PINKER: Anywhere on earth?

COWEN: Anywhere on earth. Seven billion people on earth. Any one of them that can come up with the $10K and have a desire to do it, which is not most people of course. How long would it take before this would happen?

PINKER: Oh, I have no idea. By blow up, do you mean like the Tsarnaev brothers? Or do you mean like Hiroshima?

COWEN: Like Hiroshima.

PINKER: Someone on earth anywhere. Maybe not too long. I don’t know. I couldn’t really prophecy that.

COWEN: Let me then work back from that and ask you about your optimism about peace. Is it then your belief it will never be that cheap to blow things up?

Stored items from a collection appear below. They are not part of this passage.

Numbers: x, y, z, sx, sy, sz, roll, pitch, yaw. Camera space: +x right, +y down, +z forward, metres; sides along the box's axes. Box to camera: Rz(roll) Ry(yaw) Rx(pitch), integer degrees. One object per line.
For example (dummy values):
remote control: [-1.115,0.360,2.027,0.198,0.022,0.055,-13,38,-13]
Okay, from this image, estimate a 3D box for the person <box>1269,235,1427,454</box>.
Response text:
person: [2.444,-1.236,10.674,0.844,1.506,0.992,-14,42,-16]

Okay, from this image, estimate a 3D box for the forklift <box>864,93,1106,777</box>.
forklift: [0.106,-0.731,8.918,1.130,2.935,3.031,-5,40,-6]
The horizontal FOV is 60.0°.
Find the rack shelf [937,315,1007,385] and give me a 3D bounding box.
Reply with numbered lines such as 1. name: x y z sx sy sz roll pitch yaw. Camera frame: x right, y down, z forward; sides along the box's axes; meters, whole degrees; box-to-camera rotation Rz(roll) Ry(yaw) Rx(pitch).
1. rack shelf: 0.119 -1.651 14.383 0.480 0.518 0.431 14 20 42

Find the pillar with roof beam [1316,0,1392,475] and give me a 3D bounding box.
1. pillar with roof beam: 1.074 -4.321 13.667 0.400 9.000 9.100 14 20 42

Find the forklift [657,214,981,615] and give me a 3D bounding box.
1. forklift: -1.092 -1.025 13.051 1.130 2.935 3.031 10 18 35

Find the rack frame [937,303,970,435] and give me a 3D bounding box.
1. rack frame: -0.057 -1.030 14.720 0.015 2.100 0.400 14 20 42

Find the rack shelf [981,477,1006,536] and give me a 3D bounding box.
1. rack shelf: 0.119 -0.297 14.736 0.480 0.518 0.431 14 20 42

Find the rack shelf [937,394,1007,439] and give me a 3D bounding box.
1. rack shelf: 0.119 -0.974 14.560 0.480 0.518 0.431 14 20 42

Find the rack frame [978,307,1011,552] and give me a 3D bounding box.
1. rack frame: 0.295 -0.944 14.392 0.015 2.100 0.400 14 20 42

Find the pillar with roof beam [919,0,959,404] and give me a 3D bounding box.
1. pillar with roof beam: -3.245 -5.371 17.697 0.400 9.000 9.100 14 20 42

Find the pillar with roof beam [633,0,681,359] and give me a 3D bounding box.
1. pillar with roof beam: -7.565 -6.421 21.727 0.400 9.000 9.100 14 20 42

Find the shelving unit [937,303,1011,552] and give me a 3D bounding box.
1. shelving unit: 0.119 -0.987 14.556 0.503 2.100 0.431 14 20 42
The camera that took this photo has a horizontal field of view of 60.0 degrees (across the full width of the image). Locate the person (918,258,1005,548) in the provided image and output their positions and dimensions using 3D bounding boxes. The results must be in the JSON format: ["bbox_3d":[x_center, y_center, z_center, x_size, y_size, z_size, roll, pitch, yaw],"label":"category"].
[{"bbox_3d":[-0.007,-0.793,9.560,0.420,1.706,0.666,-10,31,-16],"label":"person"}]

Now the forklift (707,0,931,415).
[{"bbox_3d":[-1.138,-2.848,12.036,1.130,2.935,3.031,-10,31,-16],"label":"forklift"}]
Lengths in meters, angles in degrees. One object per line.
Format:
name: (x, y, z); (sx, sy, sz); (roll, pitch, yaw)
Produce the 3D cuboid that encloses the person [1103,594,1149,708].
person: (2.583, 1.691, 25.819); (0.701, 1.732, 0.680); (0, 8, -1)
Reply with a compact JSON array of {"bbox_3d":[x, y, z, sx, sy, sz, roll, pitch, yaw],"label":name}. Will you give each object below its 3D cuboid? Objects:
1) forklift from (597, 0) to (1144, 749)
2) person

PINKER: I don’t know. My optimism doesn’t consist of prophecy in that sense. That is, my optimism consists of looking at what has happened and noting that, first of all, the pessimistic view is factually incorrect. Namely, people believe that we’re living in unusually violent times and we’re not.

 

.. What I call the euphemism treadmill refers to the fact that the reason there often is a cycling is that the change in attitudes that you want to affect by changing the language will meet resistance in terms of the rest of our psychology. I don’t think it’s true that language determines your attitudes and beliefs, although it can push against them.

As long as there’s still some kind of negative connotation to an entity, then changing the label for it will just result in the new label picking up the emotional aura of the concept rather than the other way around.

As long as there is prejudice against African Americans where the connotation is not as positive as you’d like it to be, there will be the urge to find a new label that has not yet absorbed the taint of the existing one.